I find that the information associated with the names of the affected persons which is contained in the records at issue relates to them only in their capacities as officials with the organizations which employ them.  Their involvement in the issues addressed in the correspondence with the Ministry is not personal to them but, rather, relates to their employment or association with the organizations whose interests they are representing.  This information is not personal in nature but may be more appropriately described as being related to the employment or professional responsibilities of each of the individuals who are identified therein.  Essentially, the information is not about these individuals and, therefore, does not qualify as their “personal information” within the meaning of the opening words of the definition.

 

I adopt this analysis for the purposes of this appeal, and apply it to Records 1, 5 and 14.

 

As far as Record 14 is concerned, the portions already disclosed to the appellant identify that there was a problem with the quality of a document sent by a pathologist during the course of the investigation, and that this fact was drawn to the attention of the pathologist by a named individual.  Neither the Ministry’s representations nor the record identify this individual’s position, but it would appear clear from the context of Record 14 that he was a professional colleague of the pathologist. 

 

Based on the contents of the disclosed portions of Records 1 and 5, it is clear that the individual whose name has been withheld is the author of a book on the murder case.  In my view, the portions of these two records disclosed to the appellant have already established her identity.

 

Section 50(3) of the Act requires that this office notify any “affected person” upon receipt of an appeal.  In practice, a decision to order disclosure of information that has been identified by an institution as qualifying as “personal information” is normally not made unless the individual has been notified and provided with an opportunity to participate as a party in the appeal.  However, the records at issue in this appeal are 35 years old and, in my view, notification of the two individuals named in Records 1, 5 and 14 is not practical in the circumstances.  It is also clear from the context of these records that the information about the two named individuals has no personal component, and relates exclusively to activities undertaken by them in a professional capacity.  For these reasons, I find that this is an appropriate case to depart from the general practice and to make my finding without prior notification.

 

Accordingly, I find that disclosing the names of the individuals in Records 1 and 14, and the name and related information in Record 5, would not reveal any personal information about either of these two individuals, and does not qualify as their “personal information”, as defined in section 2(1) of the Act.  The section 21 privacy exemption can only apply to “personal information” and, because no other exemptions have been claimed for Records 1, 5, and 14, the remaining portions should be disclosed to the appellant.

 

The other 15 records, which do contain “personal information”, qualify for consideration under the personal privacy exemption claim.  Section 21 of the Act creates a mandatory exemption for records containing the personal information of individuals other than the appellant.  This section reflects one of the purposes outlined in section 1(b) of the Act, specifically:

 

to protect the privacy of individuals with respect to personal information about themselves held by institutions …

 

The section 21 exemption prohibits the disclosure of personal information unless one of the exceptions listed in section 21(1) is applicable.  The only exception with possible application in the circumstances of this appeal is section 21(1)(f) which states:

 

A head shall refuse to disclose personal information to any person other than the individual to whom the information relates except,

 

if the disclosure does not constitute an unjustified invasion of personal privacy.

 

Sections 21(2) and (3) of the Act provide guidance in determining whether disclosure of personal information would result in an unjustified invasion of privacy.  Section 21(2) provides some criteria for the institution to consider in making this determination, and section 21(3) lists the types of information the disclosure of which is presumed to constitute an unjustified invasion of privacy.

 

The Ministry argues in its representations that a number of factors and presumptions are relevant to the personal information at issue in this appeal.  These arguments were provided to the appellant, together with an outline of the statutory provisions and references to previous orders interpreting the various components of section 21(1), but the appellant chose not to provide any representations on this or any other issues raised in her appeal.

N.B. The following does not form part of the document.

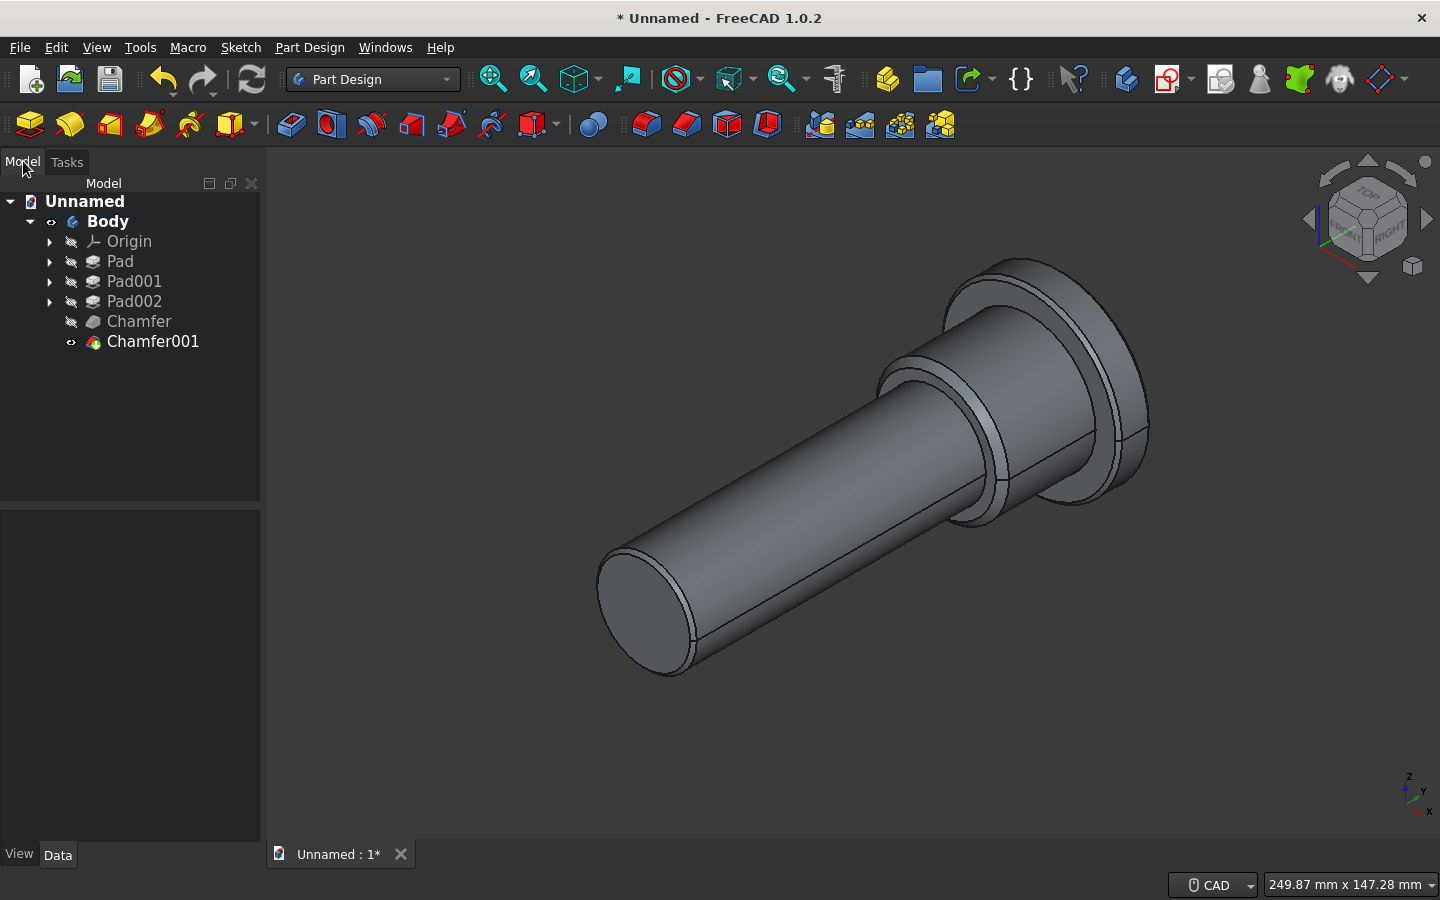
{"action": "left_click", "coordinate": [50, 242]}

In the absence of representations from the appellant, or other evidence supporting a finding that disclosure of the personal information of witnesses who provided information to the OPP in the context of its investigation of this high profile and sensitive criminal matter would not constitute an unjustified invasion of their privacy, I am unable to find that the section 21(1)(f) exception applies.  Accordingly, the personal information contained in the undisclosed portions of Records 2, 3, 4, 6, 7, 8, 9, 10, 11, 12, 13, 15, 16, 17, and 18 qualifies for exemption under the mandatory requirements of section 21 of the Act.

 

ADEQUACY OF SEARCH

 

In her letter of appeal, the appellant states her belief that additional responsive records relating to the April 4, 1966 meeting should exist.  She points out that she did not receive any records authored by attendee #2, correspondence between named individual #2 and attendee #2, or records relating to other individuals who were in attendance at this meeting. 

 

In appeals involving a claim that additional responsive records exist, the issue to be decided is whether the Ministry has conducted a reasonable search for records, as required by section 24 of the Act.  If I am satisfied that the searches carried out were reasonable, I will uphold the Ministry’s decision; if not, then further searches may be ordered.  The Act does not require the Ministry to prove with absolute certainty that additional records do not exist.  However, in my view, in order to properly discharge its obligations under the Act, the Ministry must provide me with sufficient evidence to show that it has made a reasonable effort to identify and locate all responsive records.

 

Although an appellant will rarely be in a position to indicate precisely which records have not been identified by the Ministry, the appellant must, nevertheless, provide a reasonable basis for concluding that such records exist.

 

By way of background, the Ministry explains that all records from the original police investigation and subsequent murder trial were either returned to the owners or destroyed in the early 1960s.  The OPP’s Criminal Investigation Bureau (CIB) file was transferred to the Ontario Archives several years ago.  In explaining its original searches after receiving the appellant’s requests, the Ministry states:

 

Administrative files and photographs along with negatives were still located in the CIB storage room.  In addition, a search was conducted in the old number six district for Detachment and Identification records in relation to this case.  In May and June 2000 members assigned this task attended at the Ontario Archives and reviewed the material stored on the premises only making copies of specific material to assist in the current endeavours.

 

The remaining records, any new information and subsequent follow-up investigation records are currently stored at Sebringville Detachment.  This consists of a total of 8 banker boxes, under the control of D/Constable Tom Nahrgang.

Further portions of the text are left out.